• ASSIGNED TASK: Would you repeat every entry below word for word but drop the images?

Dataset excerpts:
****

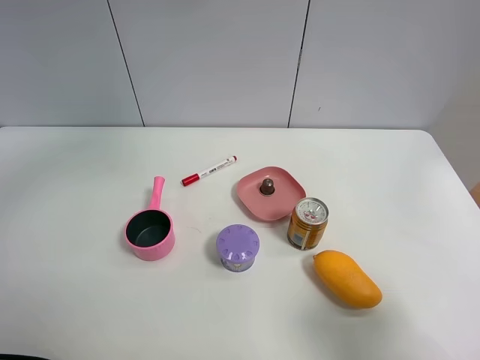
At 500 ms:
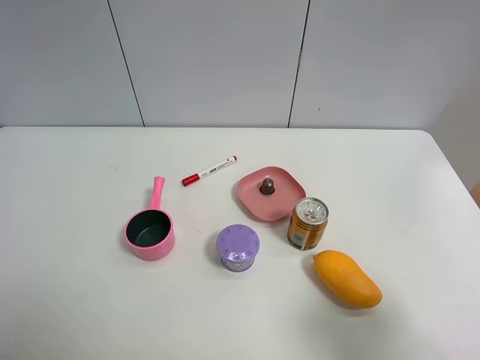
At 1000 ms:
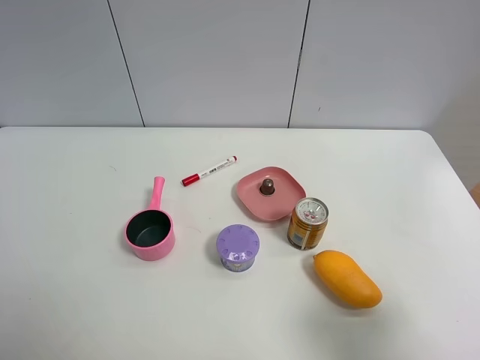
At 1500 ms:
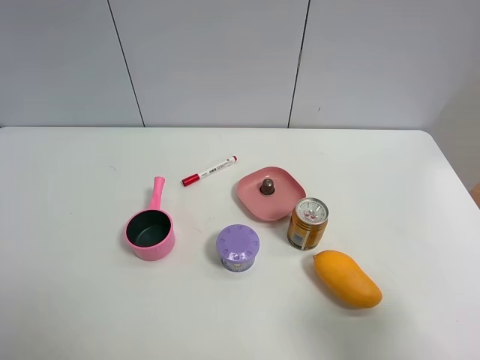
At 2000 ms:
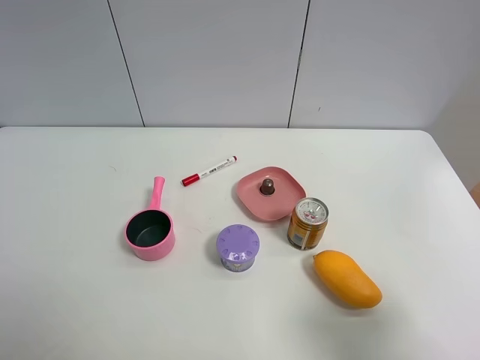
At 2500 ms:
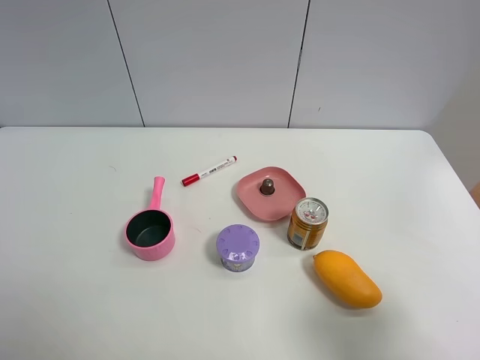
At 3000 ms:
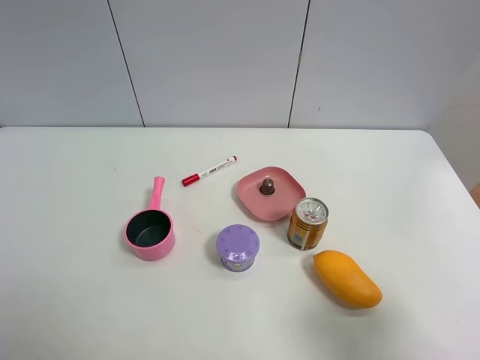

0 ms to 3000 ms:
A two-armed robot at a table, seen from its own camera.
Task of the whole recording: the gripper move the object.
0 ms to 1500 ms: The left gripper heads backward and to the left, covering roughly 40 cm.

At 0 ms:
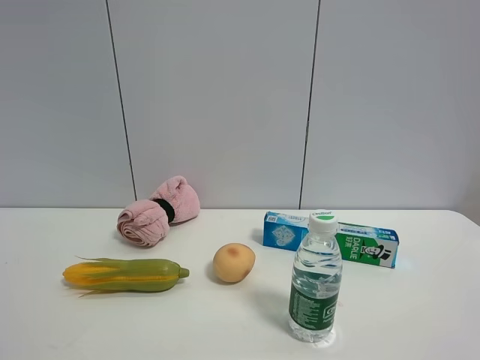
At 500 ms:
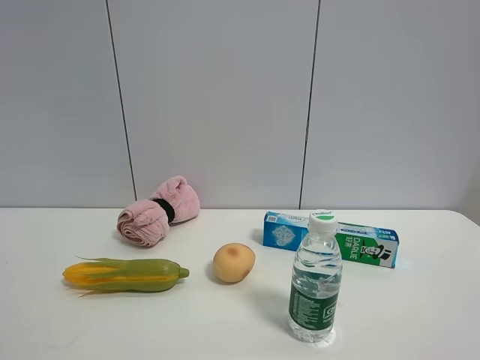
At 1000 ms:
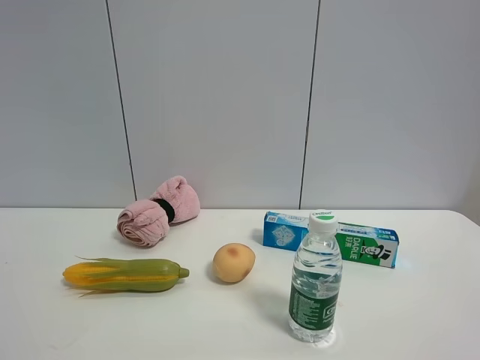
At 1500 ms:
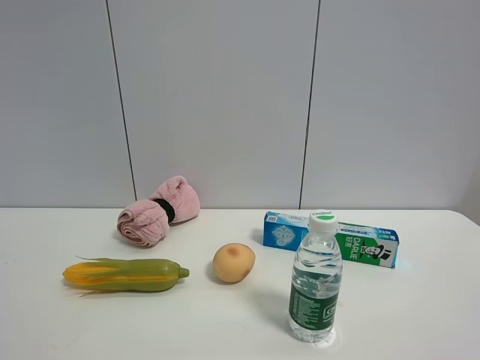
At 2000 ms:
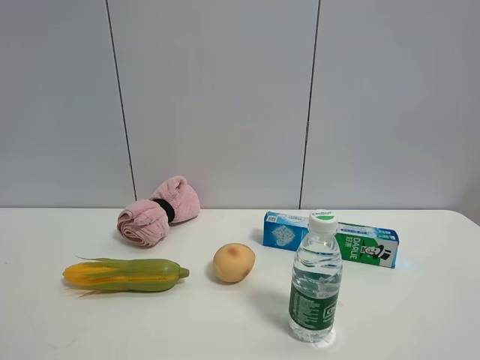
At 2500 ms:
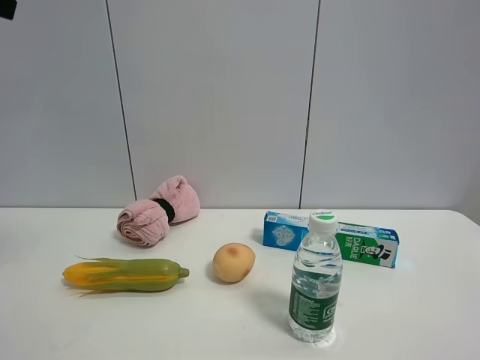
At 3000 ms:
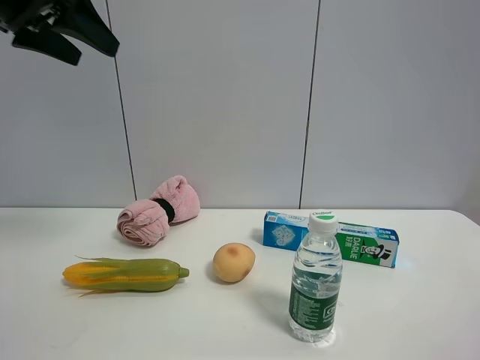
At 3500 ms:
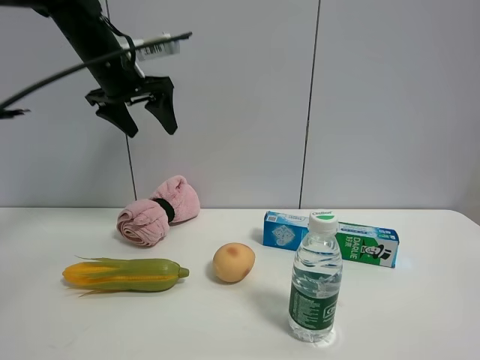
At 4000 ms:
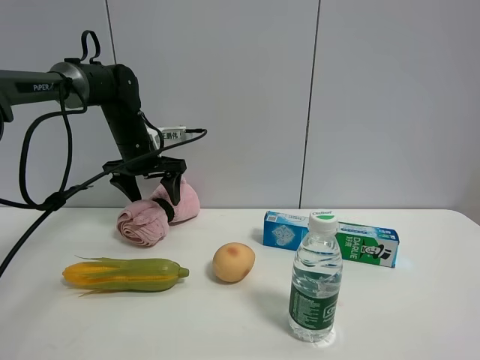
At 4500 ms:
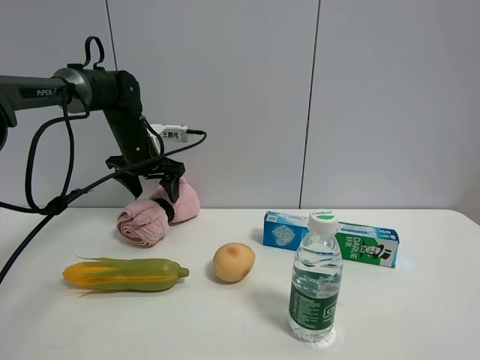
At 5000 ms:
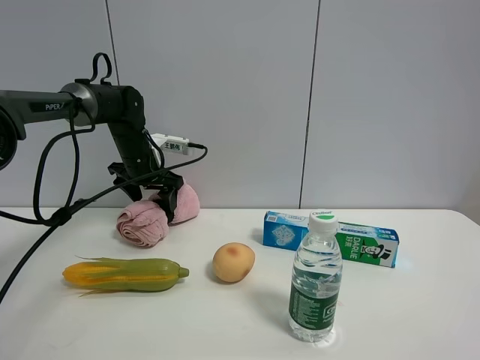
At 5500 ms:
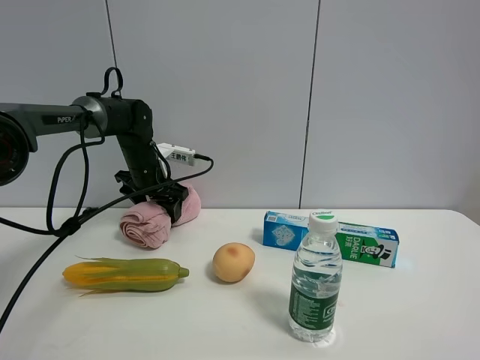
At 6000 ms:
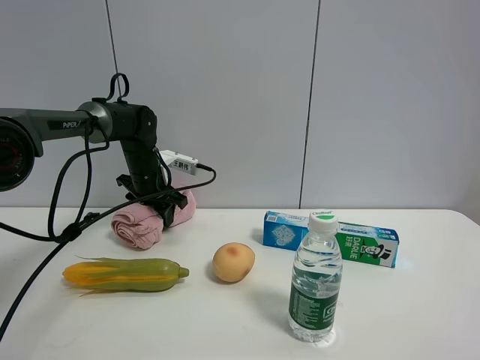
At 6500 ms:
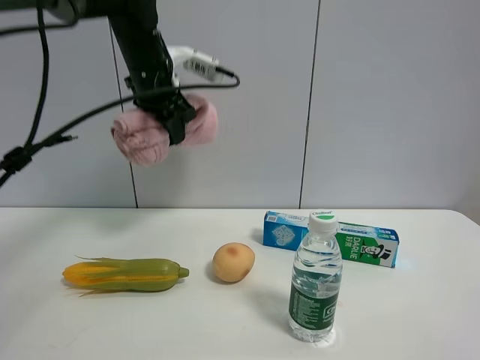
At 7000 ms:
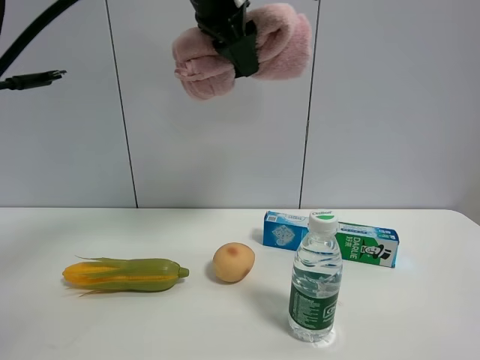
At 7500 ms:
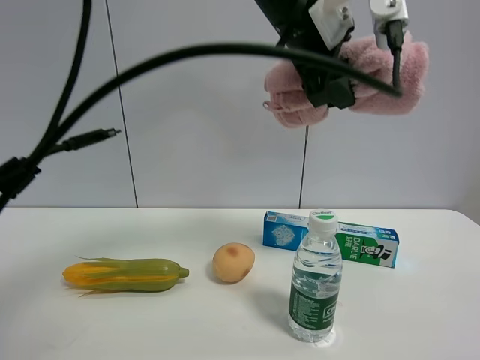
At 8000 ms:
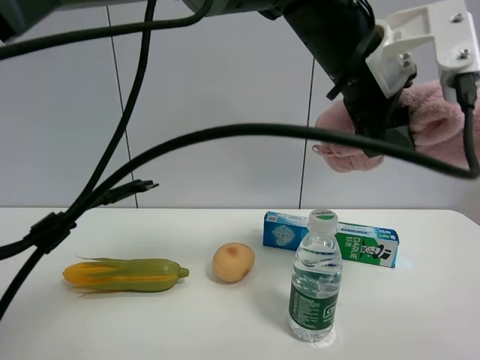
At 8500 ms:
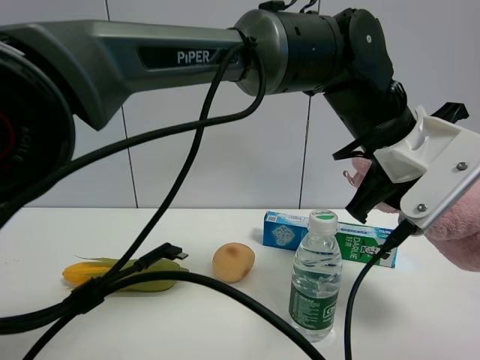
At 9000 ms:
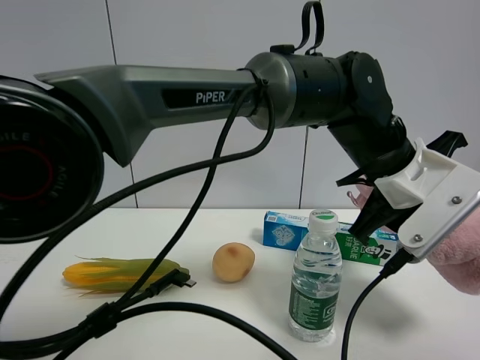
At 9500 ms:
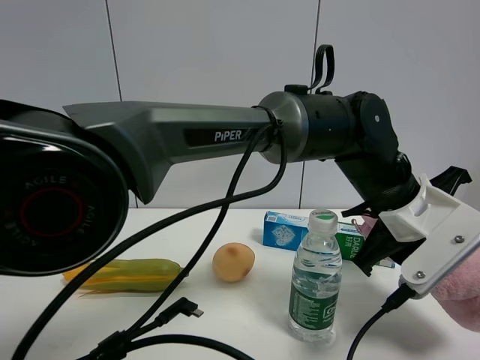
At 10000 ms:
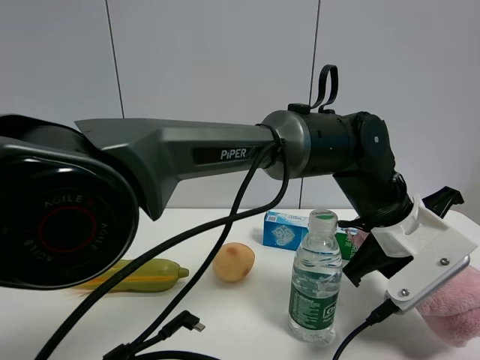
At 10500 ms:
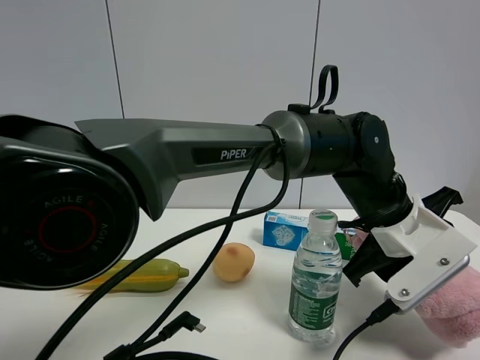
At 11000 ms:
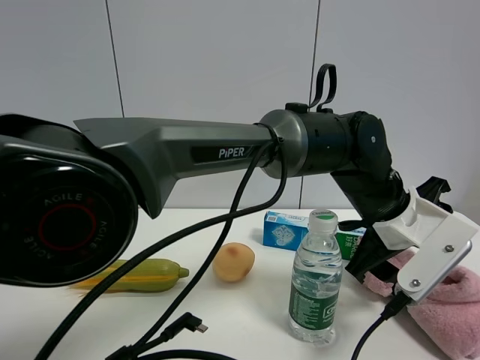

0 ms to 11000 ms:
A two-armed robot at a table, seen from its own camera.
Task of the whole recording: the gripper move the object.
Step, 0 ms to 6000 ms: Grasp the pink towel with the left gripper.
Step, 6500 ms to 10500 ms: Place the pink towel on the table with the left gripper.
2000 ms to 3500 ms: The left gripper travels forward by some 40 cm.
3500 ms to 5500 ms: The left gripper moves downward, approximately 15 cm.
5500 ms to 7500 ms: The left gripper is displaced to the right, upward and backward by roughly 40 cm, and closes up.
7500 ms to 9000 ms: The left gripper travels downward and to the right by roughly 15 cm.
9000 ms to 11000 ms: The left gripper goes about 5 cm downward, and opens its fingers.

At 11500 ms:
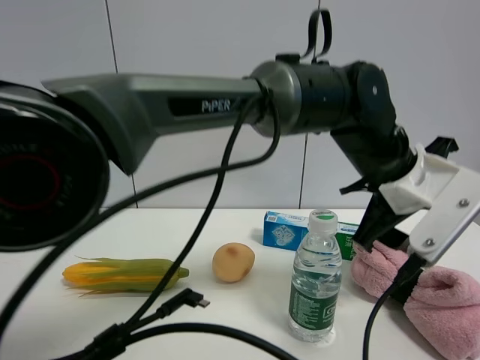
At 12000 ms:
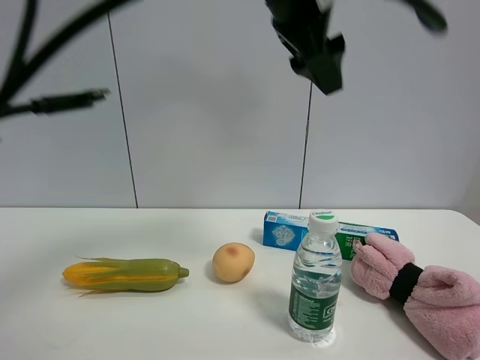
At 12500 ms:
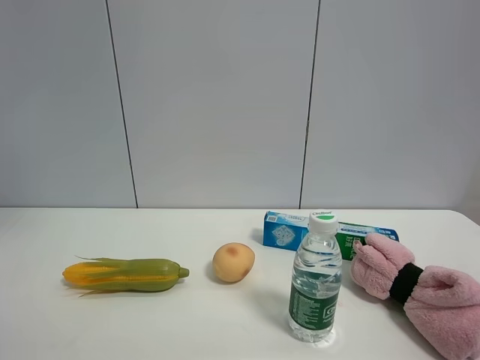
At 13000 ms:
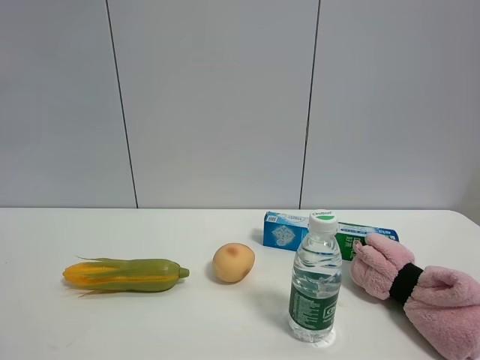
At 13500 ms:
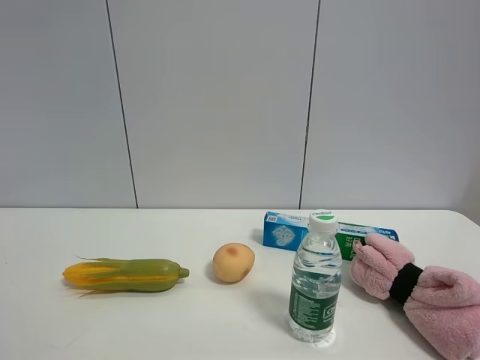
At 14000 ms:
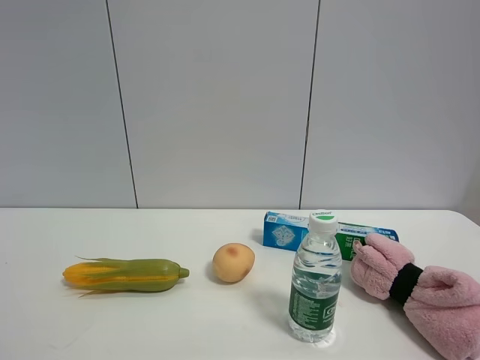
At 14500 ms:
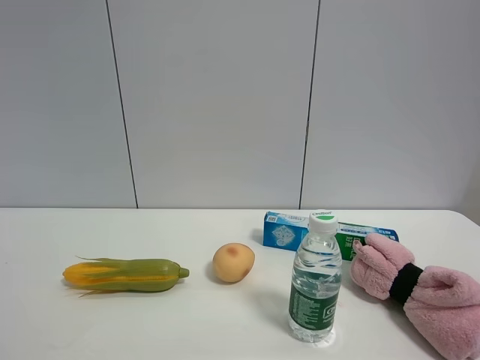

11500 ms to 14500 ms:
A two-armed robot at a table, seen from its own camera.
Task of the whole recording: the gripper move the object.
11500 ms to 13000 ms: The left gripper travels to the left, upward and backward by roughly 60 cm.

****

• ANSWER BOX:
At 500 ms:
At 1000 ms:
At 1500 ms:
At 2000 ms:
At 2500 ms:
At 3000 ms:

0 ms to 3000 ms:
A two-armed robot at a table, seen from its own camera.
Task of the whole recording: the gripper move the object.
0 ms to 1500 ms: The left gripper heads backward and to the left, covering roughly 40 cm.

At 0 ms:
At 500 ms:
At 1000 ms:
At 1500 ms:
At 2000 ms:
At 2500 ms:
At 3000 ms:
At 3500 ms:
At 4000 ms:
At 4500 ms:
At 5000 ms:
At 5500 ms:
At 6000 ms:
At 6500 ms:
At 7000 ms:
At 7500 ms:
At 8000 ms:
At 8500 ms:
At 9000 ms:
At 9500 ms:
At 10000 ms:
At 10500 ms:
At 11000 ms:

0 ms to 11000 ms:
A two-armed robot at a table, seen from its own camera.
Task of the whole recording: the gripper move the object.
Step, 0 ms to 6000 ms: Grasp the pink towel with the left gripper.
Step, 6500 ms to 10500 ms: Place the pink towel on the table with the left gripper.
2000 ms to 3500 ms: The left gripper travels forward by some 40 cm.
3500 ms to 5500 ms: The left gripper moves downward, approximately 15 cm.
5500 ms to 7500 ms: The left gripper is displaced to the right, upward and backward by roughly 40 cm, and closes up.
7500 ms to 9000 ms: The left gripper travels downward and to the right by roughly 15 cm.
9000 ms to 11000 ms: The left gripper goes about 5 cm downward, and opens its fingers.

At 11500 ms:
At 12000 ms:
At 12500 ms:
At 13000 ms:
At 13500 ms:
At 14000 ms:
At 14500 ms:

11500 ms to 14500 ms:
A two-armed robot at a table, seen from its own camera.
Task of the whole recording: the gripper move the object.
11500 ms to 13000 ms: The left gripper travels to the left, upward and backward by roughly 60 cm.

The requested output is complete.